(Work to complete)
Return every line of the data that contains the string "yellow".

----- Input for this task

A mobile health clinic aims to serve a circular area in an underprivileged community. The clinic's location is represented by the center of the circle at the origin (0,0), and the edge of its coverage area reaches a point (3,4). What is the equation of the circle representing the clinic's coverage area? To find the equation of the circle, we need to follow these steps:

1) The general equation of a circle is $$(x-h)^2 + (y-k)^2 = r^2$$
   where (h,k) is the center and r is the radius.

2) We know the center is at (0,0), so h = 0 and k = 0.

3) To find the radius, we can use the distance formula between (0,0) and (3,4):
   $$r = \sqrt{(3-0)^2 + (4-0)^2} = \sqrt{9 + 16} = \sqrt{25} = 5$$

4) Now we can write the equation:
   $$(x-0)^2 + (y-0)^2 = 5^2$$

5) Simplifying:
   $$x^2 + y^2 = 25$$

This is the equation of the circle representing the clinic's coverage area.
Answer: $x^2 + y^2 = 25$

----------
----- Input for this task

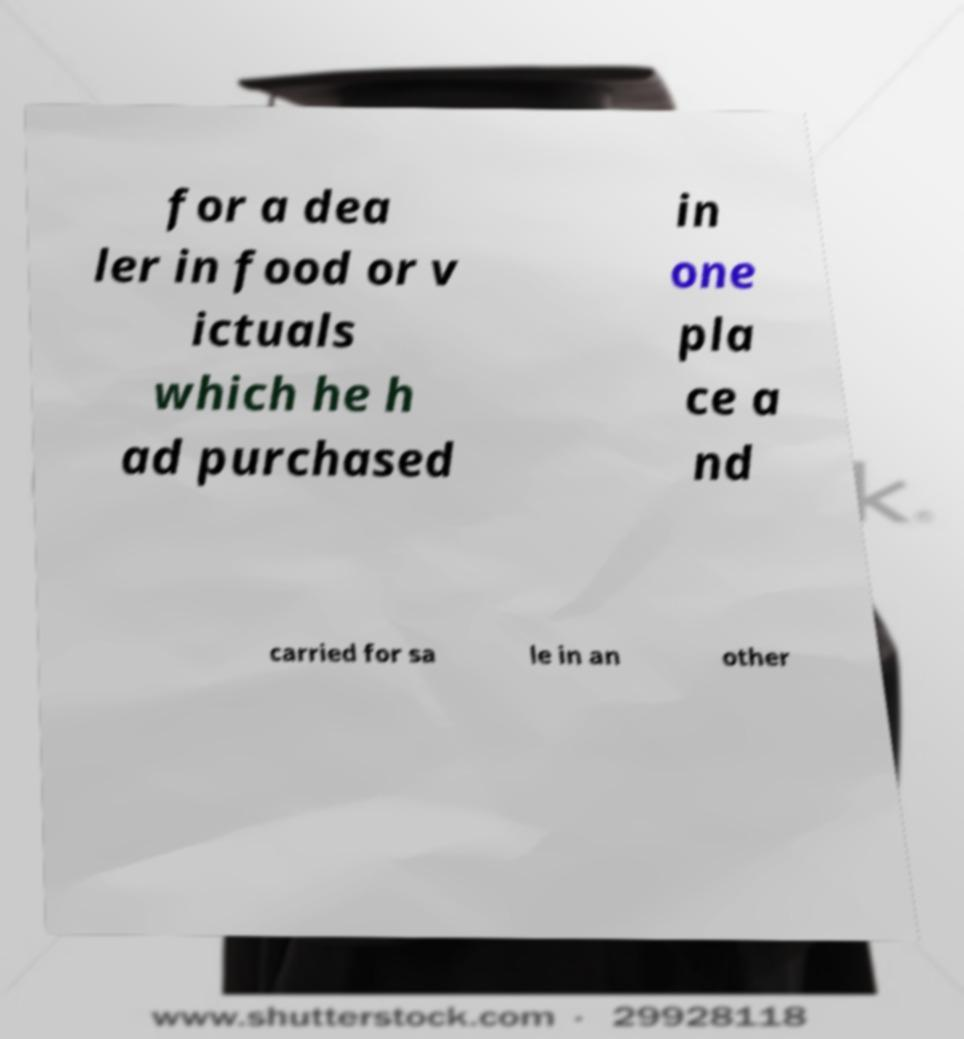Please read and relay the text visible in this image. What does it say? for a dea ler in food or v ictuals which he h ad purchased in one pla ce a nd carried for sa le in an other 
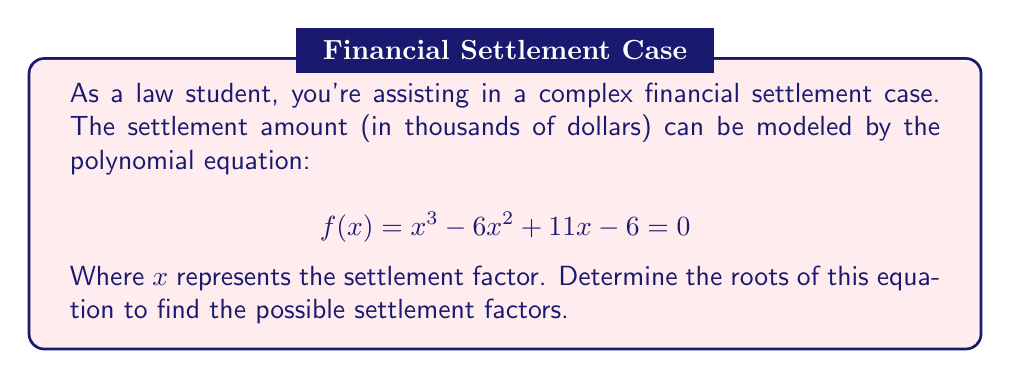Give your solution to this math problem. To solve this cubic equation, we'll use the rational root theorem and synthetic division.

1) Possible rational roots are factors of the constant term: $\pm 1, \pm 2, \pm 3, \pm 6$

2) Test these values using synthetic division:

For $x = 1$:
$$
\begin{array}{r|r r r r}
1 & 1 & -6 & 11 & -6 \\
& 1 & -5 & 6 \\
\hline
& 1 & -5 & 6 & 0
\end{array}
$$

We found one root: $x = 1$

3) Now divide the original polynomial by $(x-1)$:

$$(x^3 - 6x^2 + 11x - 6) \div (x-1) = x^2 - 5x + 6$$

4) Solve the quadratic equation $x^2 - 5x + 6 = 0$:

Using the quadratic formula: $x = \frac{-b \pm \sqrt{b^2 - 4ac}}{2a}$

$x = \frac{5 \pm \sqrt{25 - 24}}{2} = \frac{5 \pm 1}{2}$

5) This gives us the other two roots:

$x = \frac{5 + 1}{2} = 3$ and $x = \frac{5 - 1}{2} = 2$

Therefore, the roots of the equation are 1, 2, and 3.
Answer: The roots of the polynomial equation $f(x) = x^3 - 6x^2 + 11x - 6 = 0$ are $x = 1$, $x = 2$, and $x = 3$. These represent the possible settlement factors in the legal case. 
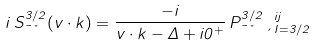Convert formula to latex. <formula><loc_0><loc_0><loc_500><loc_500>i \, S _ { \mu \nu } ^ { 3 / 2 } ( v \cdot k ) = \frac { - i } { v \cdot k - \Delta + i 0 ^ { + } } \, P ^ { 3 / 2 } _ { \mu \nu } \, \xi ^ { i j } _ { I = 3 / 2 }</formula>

----------
----- Input for this task

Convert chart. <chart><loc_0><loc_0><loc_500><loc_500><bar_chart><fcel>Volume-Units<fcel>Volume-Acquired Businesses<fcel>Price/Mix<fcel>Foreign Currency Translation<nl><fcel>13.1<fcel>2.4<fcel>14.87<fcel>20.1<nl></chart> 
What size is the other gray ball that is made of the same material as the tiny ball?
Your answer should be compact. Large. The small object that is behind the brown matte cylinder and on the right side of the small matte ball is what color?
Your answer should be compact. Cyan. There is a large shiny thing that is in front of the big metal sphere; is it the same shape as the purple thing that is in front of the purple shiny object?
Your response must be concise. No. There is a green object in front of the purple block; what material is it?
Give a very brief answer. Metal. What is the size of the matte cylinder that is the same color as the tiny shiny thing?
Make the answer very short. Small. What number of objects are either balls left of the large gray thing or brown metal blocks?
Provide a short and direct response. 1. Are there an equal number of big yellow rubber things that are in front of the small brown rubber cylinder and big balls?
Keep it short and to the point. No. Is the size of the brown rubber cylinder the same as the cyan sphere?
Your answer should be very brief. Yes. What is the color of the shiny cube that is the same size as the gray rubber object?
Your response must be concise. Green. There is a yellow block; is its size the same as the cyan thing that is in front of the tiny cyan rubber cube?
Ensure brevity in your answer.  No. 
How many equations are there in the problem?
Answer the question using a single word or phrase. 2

----------

(Problem solution)
Provide a short and direct response. 1. Are there an equal number of big yellow rubber things that are in front of the small brown rubber cylinder and big balls?
Your response must be concise. Green. There is a yellow block; is its size the same as the cyan thing that is in front of the tiny cyan rubber cube?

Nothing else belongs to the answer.